Quote the listing below in full and exactly as written, but omit every picture.
#### Collected data ####
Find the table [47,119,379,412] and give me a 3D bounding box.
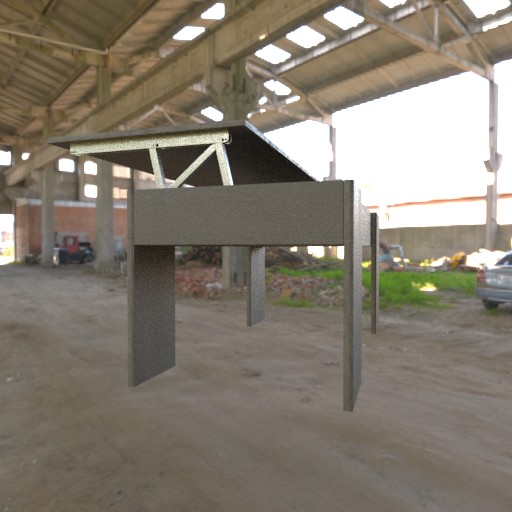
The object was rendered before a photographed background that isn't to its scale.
[{"bbox_3d":[0.000,0.000,1.414,0.711,0.570,1.000,0,1,18],"label":"table"}]
####
Output of the task:
Find the table [47,119,379,412] and give me a 3D bounding box.
The object was rendered before a photographed background that isn't to its scale.
[{"bbox_3d":[0.000,0.000,1.414,0.711,0.570,1.000,0,1,18],"label":"table"}]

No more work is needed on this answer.